32.6.1 Media Access Controller
The Transmit Block of the Media Access Controller (MAC) takes data from FIFO, adds preamble, checks and adds padding and frame check sequence (FCS). Both half duplex and full duplex Ethernet modes of operation are supported.
When operating in half duplex mode, the MAC Transmit Block generates data according to the Carrier Sense Multiple Access with Collision Detect (CSMA/CD) protocol. The start of transmission is deferred if Carrier Sense (CRS) is active. If Collision (COL) is detected during transmission, a jam sequence is asserted and the transmission is retried after a random back off. The CRS and COL signals have no effect in full duplex mode. When operating in gigabit mode half duplex, both carrier extension and frame bursting are performed in accordance with the IEEE 802.3 standard.

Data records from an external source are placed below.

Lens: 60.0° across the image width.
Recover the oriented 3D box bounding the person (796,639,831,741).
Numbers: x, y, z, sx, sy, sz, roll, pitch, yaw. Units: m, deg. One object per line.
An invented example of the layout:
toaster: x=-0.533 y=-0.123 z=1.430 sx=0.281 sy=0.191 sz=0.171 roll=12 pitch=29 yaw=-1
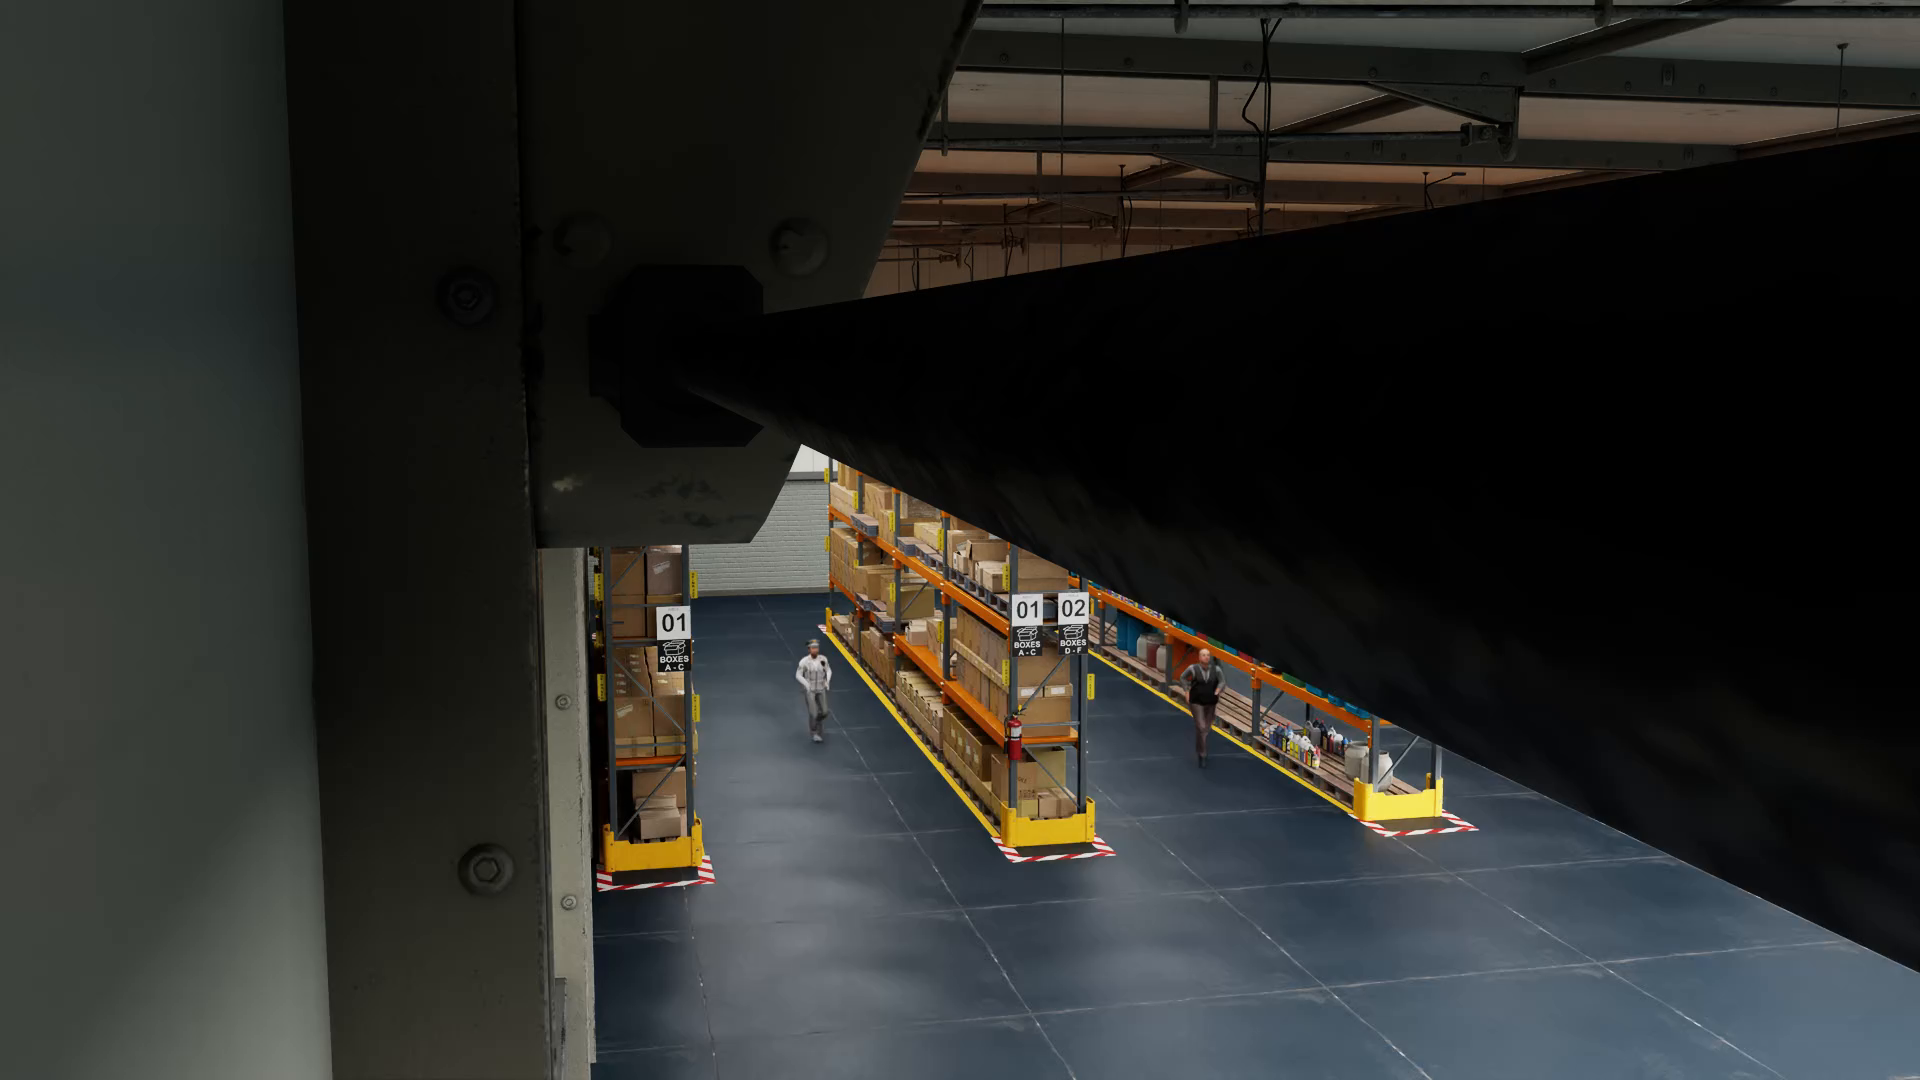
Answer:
person: x=-2.291 y=2.380 z=26.398 sx=0.592 sy=1.651 sz=0.501 roll=-2 pitch=7 yaw=-18

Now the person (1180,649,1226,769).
person: x=3.687 y=2.501 z=25.114 sx=0.649 sy=1.756 sz=0.834 roll=-1 pitch=7 yaw=-10
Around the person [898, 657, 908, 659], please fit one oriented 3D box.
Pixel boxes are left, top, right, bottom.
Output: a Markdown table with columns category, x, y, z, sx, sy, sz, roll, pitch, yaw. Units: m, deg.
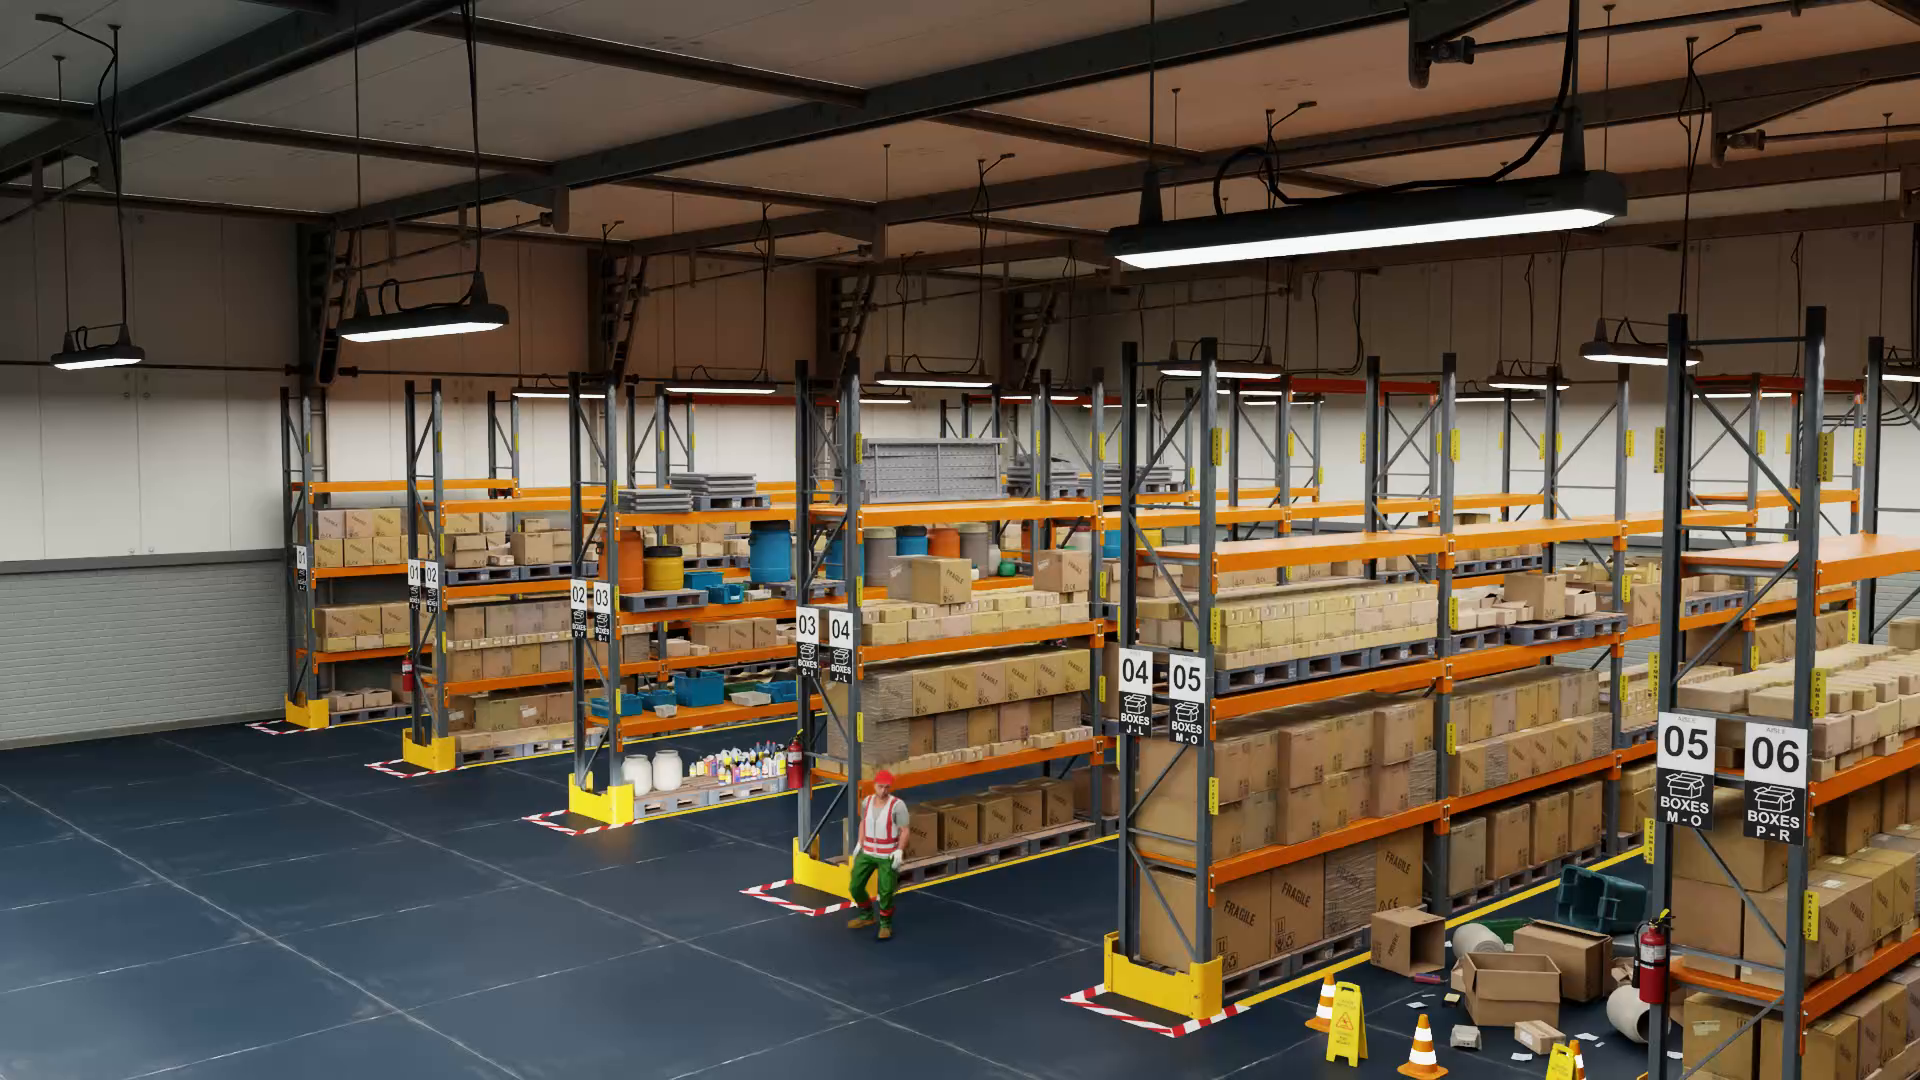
| category | x | y | z | sx | sy | sz | roll | pitch | yaw |
| --- | --- | --- | --- | --- | --- | --- | --- | --- | --- |
| person | -0.858 | 2.549 | 29.477 | 1.065 | 1.446 | 0.586 | -2 | 4 | -30 |

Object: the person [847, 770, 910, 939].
| category | x | y | z | sx | sy | sz | roll | pitch | yaw |
| --- | --- | --- | --- | --- | --- | --- | --- | --- | --- |
| person | -0.868 | 3.202 | 16.937 | 0.767 | 1.753 | 0.581 | 1 | 4 | 22 |

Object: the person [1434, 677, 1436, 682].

The Receive Block of the MAC checks for valid preamble, FCS, alignment and length, and presents received frames to the MAC address checking block and FIFO. Software can configure the GMAC to receive jumbo frames of up to 10240 Bytes. It can optionally strip CRC (Cyclic Redundancy Check) from the received frame before transferring it to FIFO.
The Address Checker recognizes four specific 48-bit addresses, can recognize four different types of ID values, and contains a 64-bit Hash register for matching multicast and unicast addresses as required. It can recognize the broadcast address all-'1' (0xFFFFFFFFFFFF) and copy all frames. The MAC can also reject all frames that are not VLAN tagged, and can recognize Wake on LAN events.
The MAC Receive Block supports offloading of IP, TCP and UDP checksum calculations (both IPv4 and IPv6 packet types supported), and can automatically discard bad checksum frames.